The next day, Junior made the poster and plastered it on all the viable spots. He shouted out, “Death match will begin shortly!” in noisy spots where no one heard him shouting.
But then the death match came, and Moths and Bats and the horse with a jellyfish belly just spent the whole time standing there looking at each other (as much as a creature made of moths and bats can stare).
They were alone. None of the other kids gave much interest in his advertisements.
“Why don’t you fight each other to the death?” Junior said to Moths and Baths. “It is the point of a death match, in case I have to inform you.”
“I’m honestly not cool with this at all, dude. I am not a fighting type. Man, I’m a Buddhist, for God’s sake.”
“Not cool, Junior,” said the horse with a jellyfish belly. “Not cool at all.”
“You realize they’re afraid of you, right?” said the Horse with a Jellyfish Belly. “That’s why kids don’t like you. They’re terrified.”

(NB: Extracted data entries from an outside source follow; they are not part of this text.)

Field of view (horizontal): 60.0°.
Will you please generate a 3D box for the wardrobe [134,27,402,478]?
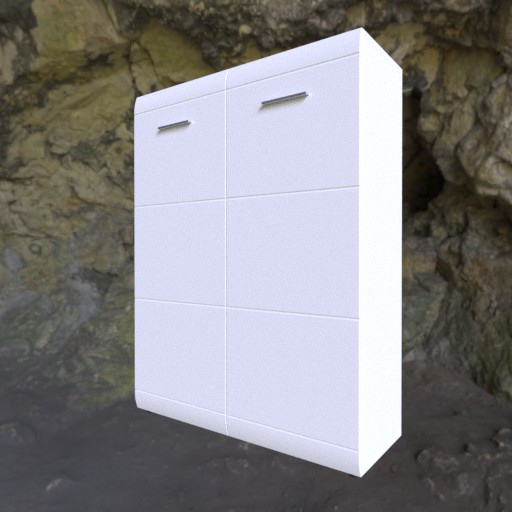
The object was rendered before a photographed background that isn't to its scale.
[{"bbox_3d":[0.000,0.000,1.547,0.900,1.200,0.360,0,1,36],"label":"wardrobe"}]
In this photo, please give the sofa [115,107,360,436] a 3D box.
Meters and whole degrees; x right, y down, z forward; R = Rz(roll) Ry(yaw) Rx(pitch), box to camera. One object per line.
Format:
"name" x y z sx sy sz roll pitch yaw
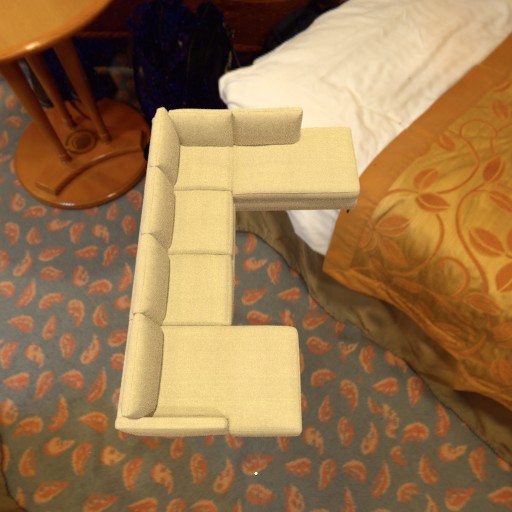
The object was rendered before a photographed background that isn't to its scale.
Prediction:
"sofa" 0.000 0.000 3.643 1.879 0.756 2.737 -1 64 0
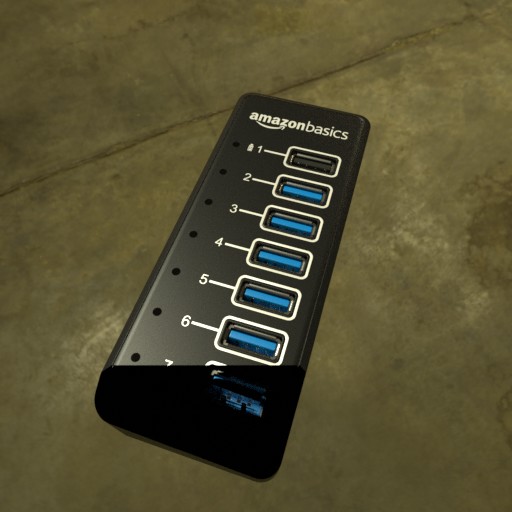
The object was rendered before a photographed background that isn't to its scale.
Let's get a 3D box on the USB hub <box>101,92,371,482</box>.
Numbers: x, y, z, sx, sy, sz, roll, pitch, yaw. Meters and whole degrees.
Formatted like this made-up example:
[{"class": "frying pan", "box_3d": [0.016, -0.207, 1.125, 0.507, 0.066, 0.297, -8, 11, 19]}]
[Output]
[{"class": "USB hub", "box_3d": [0.000, 0.000, 0.128, 0.044, 0.023, 0.110, 15, 60, 9]}]
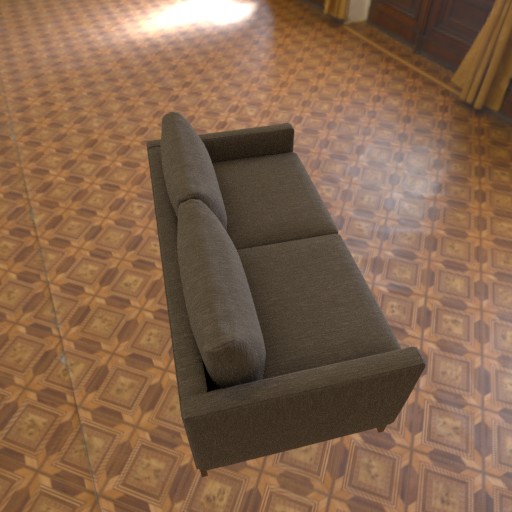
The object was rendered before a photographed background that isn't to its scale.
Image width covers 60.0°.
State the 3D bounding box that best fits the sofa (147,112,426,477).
[{"bbox_3d":[0.000,0.000,2.153,0.875,0.840,1.682,-10,47,-9],"label":"sofa"}]
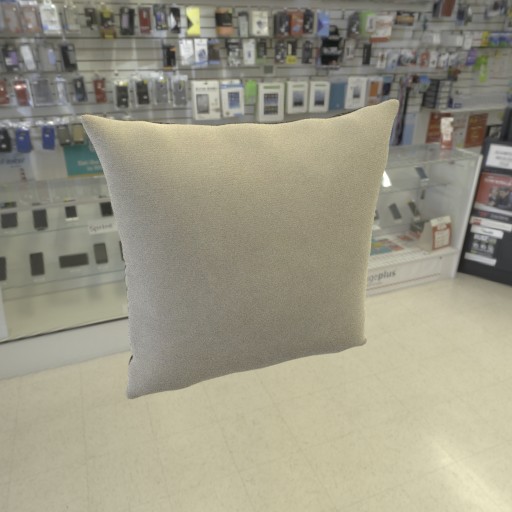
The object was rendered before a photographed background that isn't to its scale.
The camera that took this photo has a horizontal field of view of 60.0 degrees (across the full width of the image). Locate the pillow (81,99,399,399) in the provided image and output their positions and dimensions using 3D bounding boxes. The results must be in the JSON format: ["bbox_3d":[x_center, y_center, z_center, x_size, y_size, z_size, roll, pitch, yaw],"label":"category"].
[{"bbox_3d":[0.000,0.000,0.668,0.433,0.434,0.196,-9,27,-17],"label":"pillow"}]
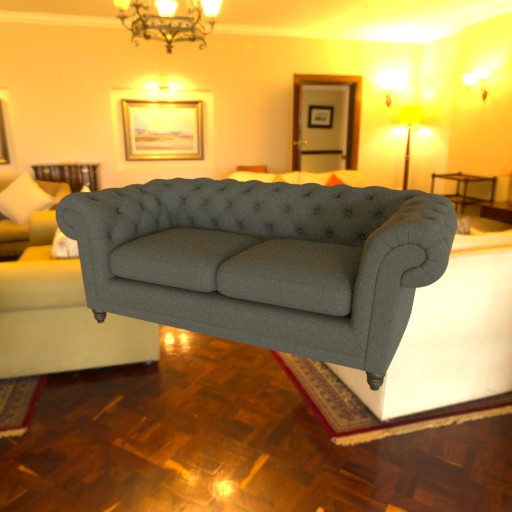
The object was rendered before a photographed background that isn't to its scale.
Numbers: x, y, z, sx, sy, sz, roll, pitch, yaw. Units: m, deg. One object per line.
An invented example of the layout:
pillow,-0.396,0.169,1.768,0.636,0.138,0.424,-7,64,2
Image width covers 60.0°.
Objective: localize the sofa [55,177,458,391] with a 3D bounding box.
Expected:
sofa,0.000,0.000,2.475,1.998,0.764,0.986,7,17,25
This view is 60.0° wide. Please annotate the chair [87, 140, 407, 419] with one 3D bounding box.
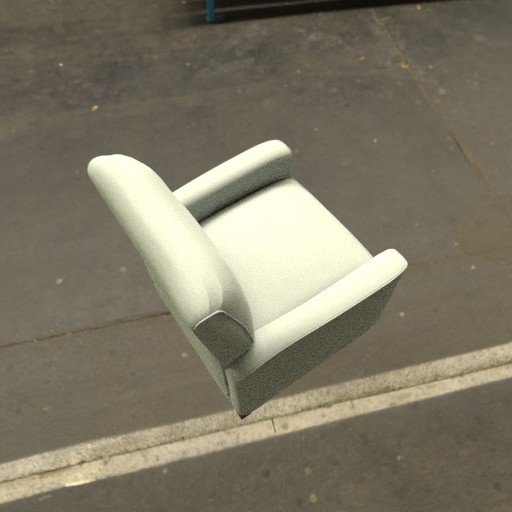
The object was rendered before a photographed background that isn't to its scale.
[{"bbox_3d":[0.000,0.000,1.741,0.846,1.007,0.853,-30,61,-18],"label":"chair"}]
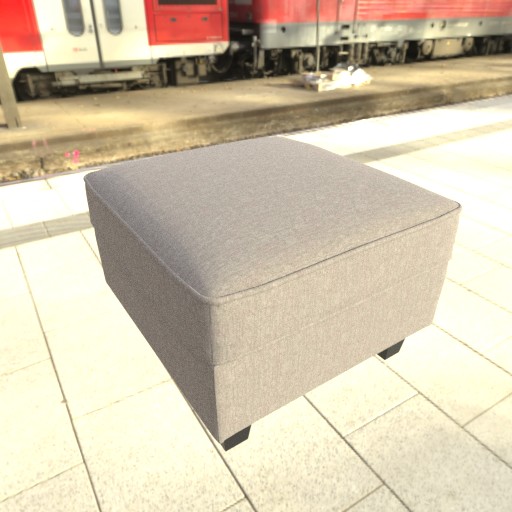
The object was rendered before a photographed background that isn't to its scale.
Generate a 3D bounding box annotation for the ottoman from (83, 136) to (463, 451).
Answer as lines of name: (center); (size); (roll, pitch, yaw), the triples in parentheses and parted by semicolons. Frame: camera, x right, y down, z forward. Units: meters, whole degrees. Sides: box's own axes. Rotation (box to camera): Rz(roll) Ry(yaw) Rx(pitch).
ottoman: (0.000, 0.000, 1.396); (0.808, 0.612, 0.871); (-19, 35, -29)
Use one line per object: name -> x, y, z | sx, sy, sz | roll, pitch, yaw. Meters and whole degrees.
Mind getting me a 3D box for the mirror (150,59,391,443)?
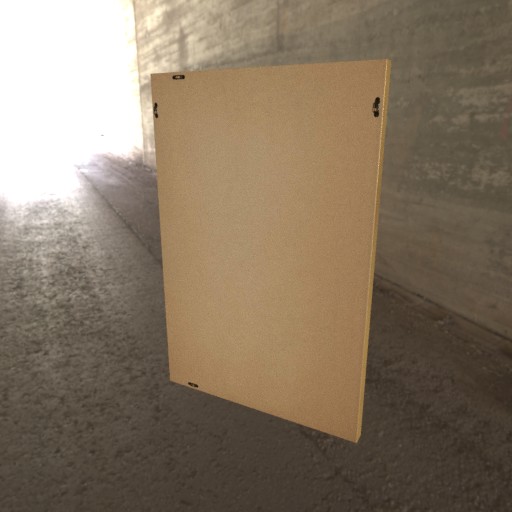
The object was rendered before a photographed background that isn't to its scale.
mirror -> 0.000, 0.000, 1.164 | 0.609, 0.915, 0.041 | 9, 19, 27
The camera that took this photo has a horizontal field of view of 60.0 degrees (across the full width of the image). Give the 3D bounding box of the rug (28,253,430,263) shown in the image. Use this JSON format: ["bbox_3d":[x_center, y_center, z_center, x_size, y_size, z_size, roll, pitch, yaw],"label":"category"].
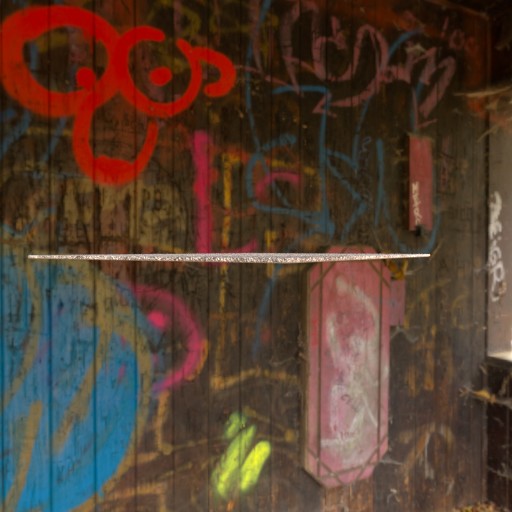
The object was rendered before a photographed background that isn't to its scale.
[{"bbox_3d":[0.000,0.000,4.115,2.401,0.025,3.000,0,1,34],"label":"rug"}]
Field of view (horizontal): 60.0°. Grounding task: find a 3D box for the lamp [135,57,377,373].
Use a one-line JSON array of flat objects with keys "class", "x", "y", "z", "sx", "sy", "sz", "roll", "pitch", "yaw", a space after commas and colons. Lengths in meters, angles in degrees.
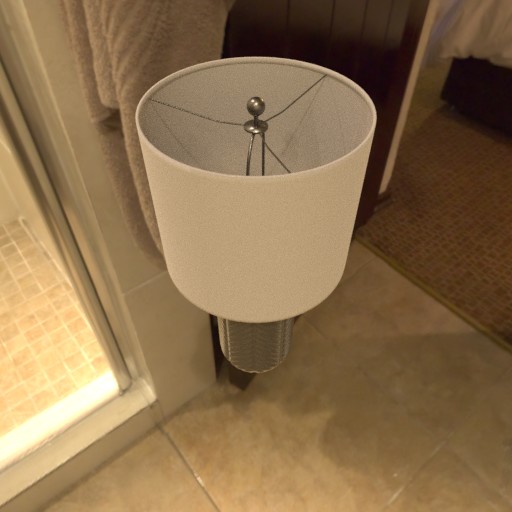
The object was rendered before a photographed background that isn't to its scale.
[{"class": "lamp", "x": 0.000, "y": 0.000, "z": 0.515, "sx": 0.203, "sy": 0.389, "sz": 0.203, "roll": 10, "pitch": 47, "yaw": 9}]
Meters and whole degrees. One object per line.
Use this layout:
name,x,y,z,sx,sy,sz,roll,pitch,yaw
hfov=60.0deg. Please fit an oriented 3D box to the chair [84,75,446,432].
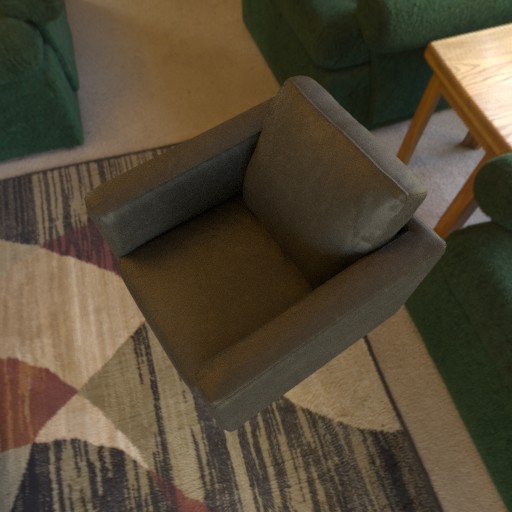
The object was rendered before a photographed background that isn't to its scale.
chair,0.000,0.000,1.585,0.879,0.898,0.831,-31,67,-15
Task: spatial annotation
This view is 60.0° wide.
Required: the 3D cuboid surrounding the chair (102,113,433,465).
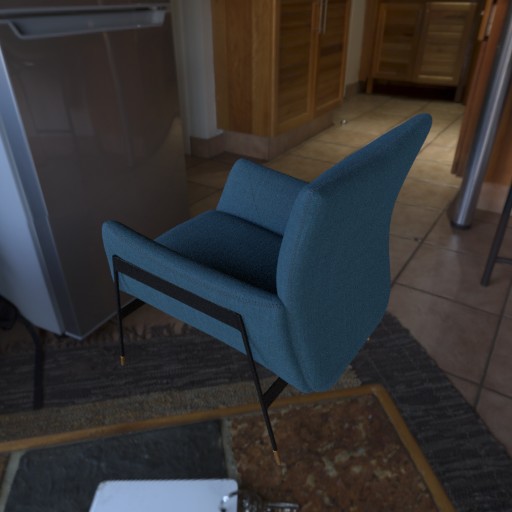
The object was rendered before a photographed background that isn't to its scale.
[{"bbox_3d":[0.000,0.000,1.404,0.769,0.859,0.678,21,37,29],"label":"chair"}]
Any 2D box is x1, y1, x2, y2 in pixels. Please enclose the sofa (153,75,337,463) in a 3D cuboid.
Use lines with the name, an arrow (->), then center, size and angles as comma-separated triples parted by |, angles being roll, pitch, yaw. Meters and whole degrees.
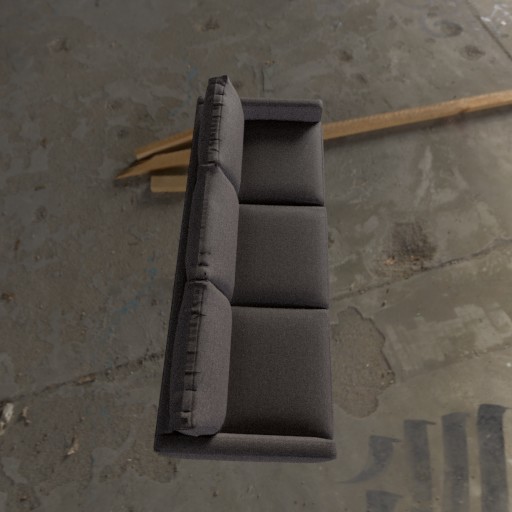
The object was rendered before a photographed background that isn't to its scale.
sofa -> 0.000, 0.000, 2.678 | 0.876, 0.882, 2.253 | 2, 64, 1
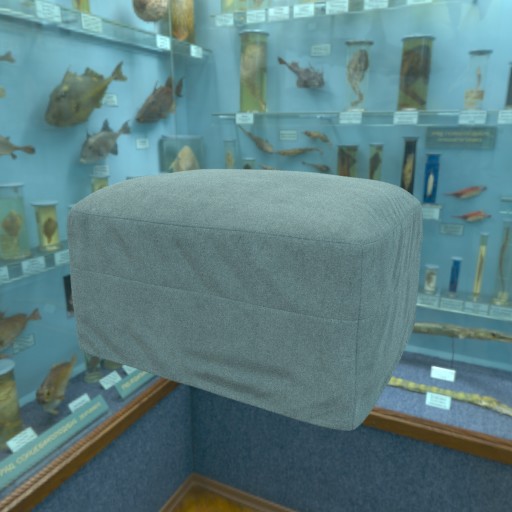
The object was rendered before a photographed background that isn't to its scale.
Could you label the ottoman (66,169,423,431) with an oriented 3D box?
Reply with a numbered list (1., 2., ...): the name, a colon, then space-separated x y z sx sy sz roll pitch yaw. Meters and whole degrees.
1. ottoman: 0.000 0.000 1.270 0.837 0.481 0.683 8 18 27
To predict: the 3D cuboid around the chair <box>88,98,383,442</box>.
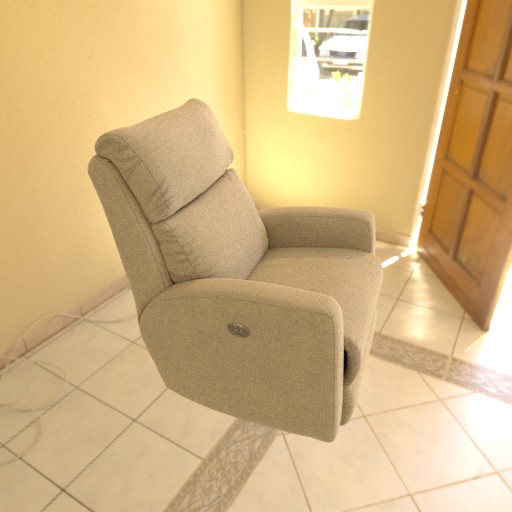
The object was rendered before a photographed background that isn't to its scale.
[{"bbox_3d":[0.000,0.000,1.701,0.940,1.021,0.794,11,32,18],"label":"chair"}]
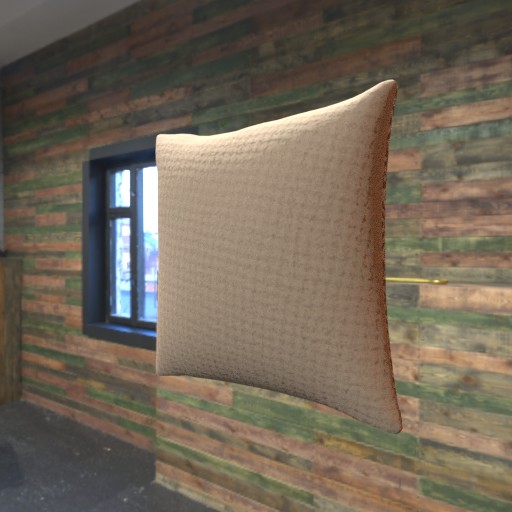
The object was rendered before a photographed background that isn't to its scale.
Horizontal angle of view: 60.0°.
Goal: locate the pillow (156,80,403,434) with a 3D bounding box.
[{"bbox_3d":[0.000,0.000,0.629,0.419,0.407,0.173,0,1,37],"label":"pillow"}]
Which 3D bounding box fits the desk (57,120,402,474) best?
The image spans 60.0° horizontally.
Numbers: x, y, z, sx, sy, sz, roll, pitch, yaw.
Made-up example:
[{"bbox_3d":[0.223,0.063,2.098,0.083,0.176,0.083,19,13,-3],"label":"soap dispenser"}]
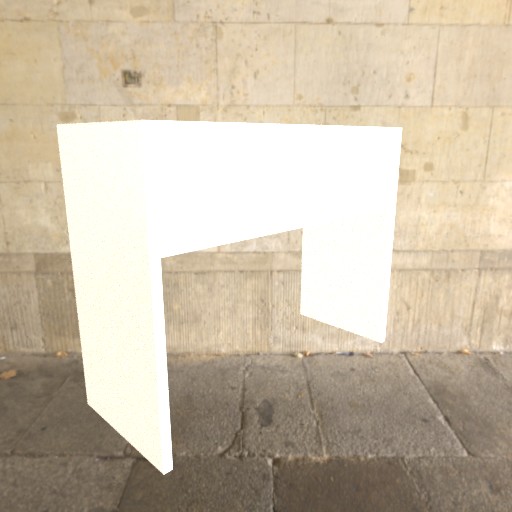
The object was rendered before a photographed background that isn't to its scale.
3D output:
[{"bbox_3d":[0.000,0.000,1.407,1.000,0.790,0.400,-14,21,-43],"label":"desk"}]

“Why would they be afraid?”
“It’s probably because your best friend is a tornado made of moths and bats.”
“That makes sense,” said Junior, and again they ran out of things to talk about.
It was pretty nice in the week of fear that followed in the wake of revelations that Nightmares made of moth-and-bat tornados might frighten normal kids. He didn’t know what to do with this power and spent most of the week planning scare pranks with Clearance and his horse with the jellyfish belly, but then he’d say, “Nah, better not,” because Jr was a good kid. Like “We can spook the football players when they kick the ball except, nah, maybe better not.”
But then Clearance said, “Dude, I gotta go back to Estonia now, so…” Right in the middle of school one day. He got up to go, and that was all there was to it.
They stood there staring at each other, making subtle protohandshake motions, initiating a hug but aborting it when it barely even started. Junior wanted to say, “You mean so much to me,” and “you are my best and only friend,” but he couldn’t.
Then he was alone again. He had the power to cripple others with fear, but he would never use it and he would always be alone because Junior was a good kid.